The Virtual Switch (VSwitch) is a guest LAN technology that bridges real hardware and virtual networking LANs, offering external LAN connectivity to the guest LAN environment. The VSwitch operates with virtual QDIO adapters (OSA-Express), and external LAN connectivity is available only through OSA-Express adapters in QDIO mode. Like the OSA-Express adapter, the VSwitch supports the transport of either IP packets or Ethernet frames. You can find out more detail about VSwitches in the z/VM Connectivity book.

In 5.3.0 the VSwitch, configured for Ethernet frames (layer 2 mode), now supports aggregating of 1 to 8 OSA-Express2 adapters with a switch that supports the IEEE 802.3ad Link Aggregation specification.

Link aggregation support is exclusive to the IBM z9 EC GA3 and z9 BC GA2 servers and is applicable to the OSA-Express2 features when configured as CHPID type OSD (QDIO). This support makes it possible to dynamically add or remove OSA ports for "on-demand" bandwidth, transparent recovery of a failed link within the aggregated group, and the ability to "remove" an OSA card temporarily for upgrades without bringing down the virtual network.

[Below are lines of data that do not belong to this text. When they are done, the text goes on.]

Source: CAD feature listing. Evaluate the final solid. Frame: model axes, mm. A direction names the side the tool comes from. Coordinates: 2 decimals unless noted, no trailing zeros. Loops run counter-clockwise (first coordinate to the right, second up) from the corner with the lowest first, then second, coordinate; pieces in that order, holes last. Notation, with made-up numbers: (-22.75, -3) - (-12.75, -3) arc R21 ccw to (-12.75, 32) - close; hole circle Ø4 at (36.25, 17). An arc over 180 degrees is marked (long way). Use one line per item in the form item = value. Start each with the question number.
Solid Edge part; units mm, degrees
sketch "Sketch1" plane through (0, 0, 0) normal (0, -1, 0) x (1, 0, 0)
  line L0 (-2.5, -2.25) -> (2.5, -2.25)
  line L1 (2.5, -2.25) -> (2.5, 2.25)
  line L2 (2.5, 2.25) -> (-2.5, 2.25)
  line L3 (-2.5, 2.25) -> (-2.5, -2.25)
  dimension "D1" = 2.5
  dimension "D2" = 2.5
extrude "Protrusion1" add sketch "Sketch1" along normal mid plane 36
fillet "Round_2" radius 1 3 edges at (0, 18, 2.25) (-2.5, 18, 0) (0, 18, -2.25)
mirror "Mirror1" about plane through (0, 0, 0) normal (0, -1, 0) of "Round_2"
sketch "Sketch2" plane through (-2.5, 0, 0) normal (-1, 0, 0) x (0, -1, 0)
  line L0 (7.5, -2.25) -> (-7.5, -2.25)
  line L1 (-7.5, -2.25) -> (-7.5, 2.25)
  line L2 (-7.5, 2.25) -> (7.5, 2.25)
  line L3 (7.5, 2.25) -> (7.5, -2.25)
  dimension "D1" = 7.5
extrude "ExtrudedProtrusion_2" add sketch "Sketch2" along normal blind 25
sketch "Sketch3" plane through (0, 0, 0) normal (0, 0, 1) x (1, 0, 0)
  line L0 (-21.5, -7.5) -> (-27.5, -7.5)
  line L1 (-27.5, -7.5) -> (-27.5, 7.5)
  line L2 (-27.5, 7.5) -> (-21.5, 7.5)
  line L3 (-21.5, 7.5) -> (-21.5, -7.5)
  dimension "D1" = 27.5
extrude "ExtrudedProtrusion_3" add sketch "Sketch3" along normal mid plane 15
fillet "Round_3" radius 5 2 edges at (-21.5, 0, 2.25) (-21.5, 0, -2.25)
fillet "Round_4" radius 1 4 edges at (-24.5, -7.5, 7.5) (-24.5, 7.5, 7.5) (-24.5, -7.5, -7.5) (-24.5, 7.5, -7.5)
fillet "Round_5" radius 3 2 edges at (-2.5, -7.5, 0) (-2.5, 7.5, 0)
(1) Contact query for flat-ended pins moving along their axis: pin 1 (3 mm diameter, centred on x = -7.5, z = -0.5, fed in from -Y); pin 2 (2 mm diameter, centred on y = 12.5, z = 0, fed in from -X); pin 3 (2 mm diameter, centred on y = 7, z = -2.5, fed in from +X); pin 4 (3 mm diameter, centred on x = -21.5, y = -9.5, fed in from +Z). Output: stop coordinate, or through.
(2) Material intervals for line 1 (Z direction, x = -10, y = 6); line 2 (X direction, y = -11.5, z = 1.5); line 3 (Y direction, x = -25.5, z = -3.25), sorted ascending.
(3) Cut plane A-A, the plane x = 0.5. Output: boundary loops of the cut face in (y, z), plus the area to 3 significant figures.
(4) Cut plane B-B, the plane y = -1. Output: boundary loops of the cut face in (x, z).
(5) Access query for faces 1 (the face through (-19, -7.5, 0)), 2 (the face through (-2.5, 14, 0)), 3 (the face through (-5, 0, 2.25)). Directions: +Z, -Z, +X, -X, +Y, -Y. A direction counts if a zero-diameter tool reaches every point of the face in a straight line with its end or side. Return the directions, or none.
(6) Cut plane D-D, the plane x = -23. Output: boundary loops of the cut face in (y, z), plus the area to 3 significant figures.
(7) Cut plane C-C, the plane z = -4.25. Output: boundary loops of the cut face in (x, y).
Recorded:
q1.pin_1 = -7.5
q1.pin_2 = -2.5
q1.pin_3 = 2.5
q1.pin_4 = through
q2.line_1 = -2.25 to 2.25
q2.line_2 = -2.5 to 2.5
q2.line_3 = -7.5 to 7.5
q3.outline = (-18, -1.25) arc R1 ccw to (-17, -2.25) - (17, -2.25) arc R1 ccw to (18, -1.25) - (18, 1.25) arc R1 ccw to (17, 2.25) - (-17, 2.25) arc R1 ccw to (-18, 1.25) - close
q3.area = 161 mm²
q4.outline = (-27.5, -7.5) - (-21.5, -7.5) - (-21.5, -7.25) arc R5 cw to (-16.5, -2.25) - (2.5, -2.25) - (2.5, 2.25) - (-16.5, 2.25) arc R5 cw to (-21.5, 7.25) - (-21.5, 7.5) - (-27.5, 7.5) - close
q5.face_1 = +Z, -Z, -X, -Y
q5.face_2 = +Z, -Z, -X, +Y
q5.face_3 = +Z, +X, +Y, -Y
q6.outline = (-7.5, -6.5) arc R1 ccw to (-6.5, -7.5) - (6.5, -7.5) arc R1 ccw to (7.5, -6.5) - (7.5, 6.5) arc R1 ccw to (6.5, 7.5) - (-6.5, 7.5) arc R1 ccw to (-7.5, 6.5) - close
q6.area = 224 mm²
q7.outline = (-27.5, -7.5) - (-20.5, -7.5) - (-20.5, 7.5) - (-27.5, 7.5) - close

One of the key items in link aggregation support is the load balancing done on the VSwitch. All active OSA-Express2 ports within a VSwitch port group are used in the transmission of data between z/VM's VSwitch and the connected physical switch. The VSwitch logic will attempt to distribute the load equally across all the ports within the group. The actual load balancing achieved will depend on the frame rate of the different conversations taking place across the OSA-Express2 ports and the load balance interval specified by the SET PORT GROUP INTERVAL command. It is also important to know that the VSwitch cannot control what devices are used for the inbound data -- the physical switch controls that. The VSwitch can only affect which devices are used for the outbound data. For further details about load balancing refer to the z/VM Connectivity book.

Method

The measurements were done on a 2094-733 with 4 dedicated processors in each of two LPARs.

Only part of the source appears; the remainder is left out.